La Haute Cour militaire a décidé, ce jeudi 25 juin 2026, de renvoyer au 9 juillet prochain l’examen de l’affaire opposant l’Auditeur général des FARDC au général d’armée Christian Tshiwewe, ancien chef d’état-major général des Forces armées de la République démocratique du Congo (FARDC), ainsi qu’à plusieurs de ses coaccusés.
Ouverte à Kinshasa, l’audience n’aura duré que quelques minutes. Le premier président de la Haute Cour militaire, le lieutenant-général Joseph Mutombo Katalay Tiende, a expliqué ce report par l’indisponibilité de certains juges appelés à assumer des responsabilités liées aux hautes charges de l’État.
La séance a principalement été consacrée à l’identification des prévenus. Tous les accusés présents ont répondu à l’appel de la Cour, à l’exception de ceux actuellement en fuite. La juridiction a également demandé aux conseils des différents prévenus de déposer leurs listes respectives au greffe afin de faciliter la poursuite de l’instruction.
Au cours de cette audience, le lieutenant-général Constant Ndima, récemment désigné juge assesseur, a prêté serment avant de prendre officiellement part aux travaux de la Cour.
Cette deuxième audience intervient après celle consacrée à l’identification des prévenus et à la notification des faits ainsi que des infractions mises à leur charge par l’Auditorat général des FARDC.
Au total, dix officiers généraux et supérieurs comparaissent dans ce dossier pour plusieurs infractions présumées, notamment complot, trahison, propagation de faux bruits, violation des consignes, désertion à l’étranger, détention illégale d’armes et de munitions de guerre, ainsi qu’incitation de militaires à commettre des actes contraires au devoir ou à la discipline.

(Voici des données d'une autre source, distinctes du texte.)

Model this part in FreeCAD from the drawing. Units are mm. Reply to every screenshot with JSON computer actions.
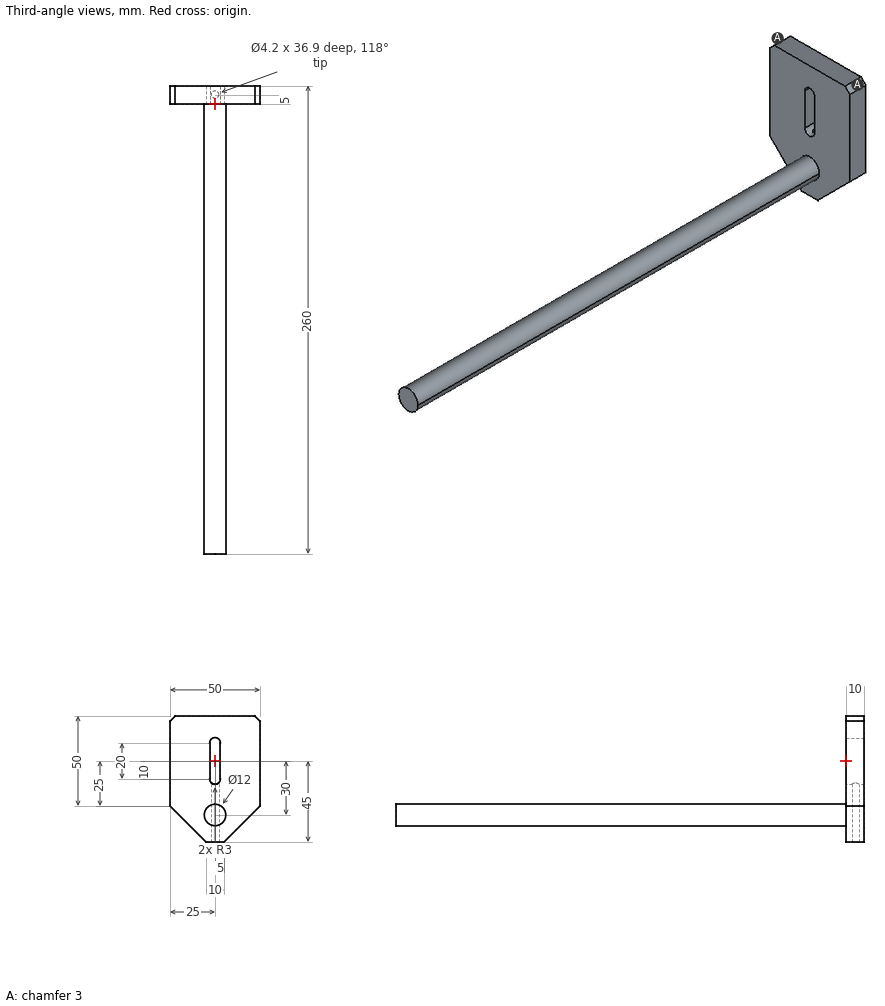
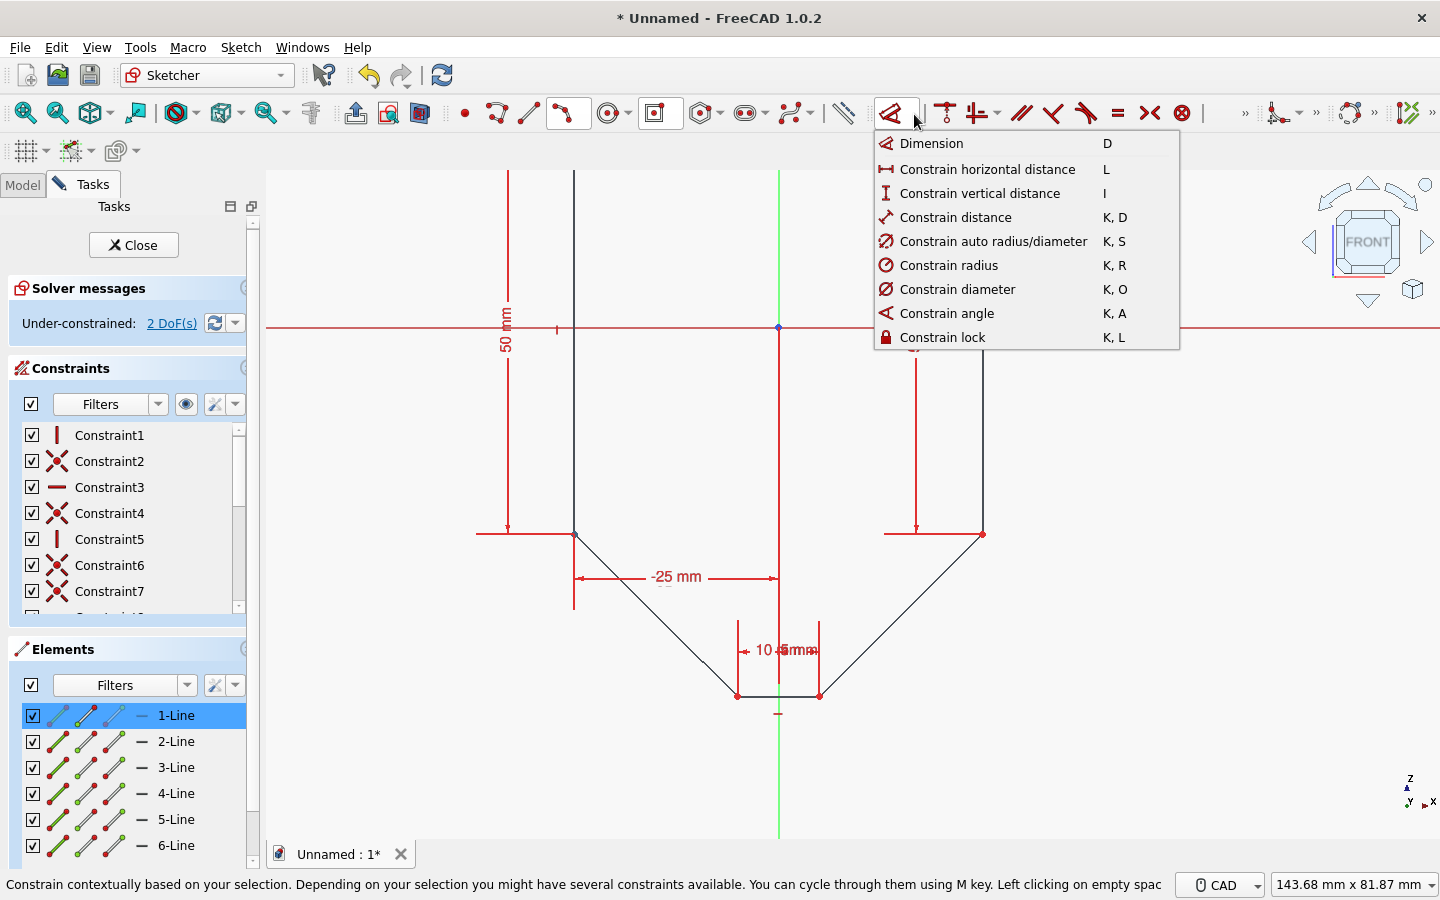
{"action": "left_click", "coordinate": [1027, 193]}

Parmi les principaux accusés figurent les généraux d’armée Christian Tshiwewe, ancien chef d’état-major général des FARDC, et John Numbi, ancien inspecteur général des FARDC. Sont également poursuivis le général-major Maurice Nyembo Kufi, les généraux de brigade Chinyabuuma Kamukinde, John Ngoy wa Kabila et John Sangwa Muhemedi, ainsi que les colonels Guy Mukombozi Zahinda, Pathy Sangwa Lumbu et Christophe Tshibangu Kenge.

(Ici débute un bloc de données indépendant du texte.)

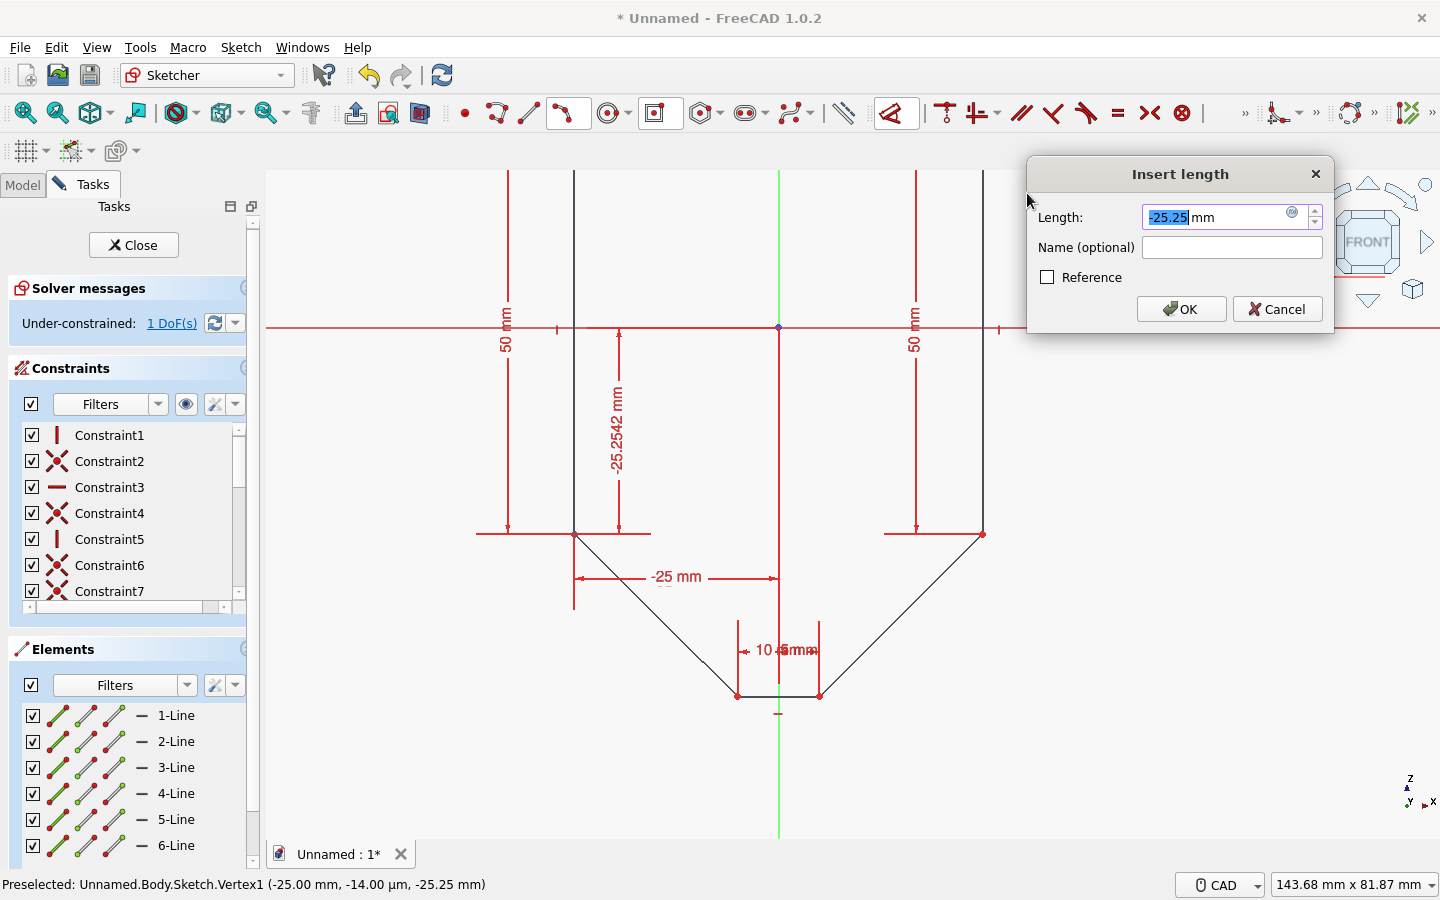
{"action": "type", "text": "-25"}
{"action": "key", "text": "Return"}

Le dossier concerne également un prévenu civil, Pascal Nyembo Muyumba, ancien directeur général du Centre d’expertise, d’évaluation et de certification des substances minérales précieuses et semi-précieuses (CEEC).
Ce procès intervient dans un contexte sécuritaire particulièrement sensible, marqué par la persistance du conflit dans l’est de la RDC et les activités de la rébellion AFC/M23. Il s’inscrit dans une série de procédures judiciaires visant des officiers supérieurs des FARDC accusés d’avoir posé des actes contraires à leurs obligations militaires et à la législation en vigueur.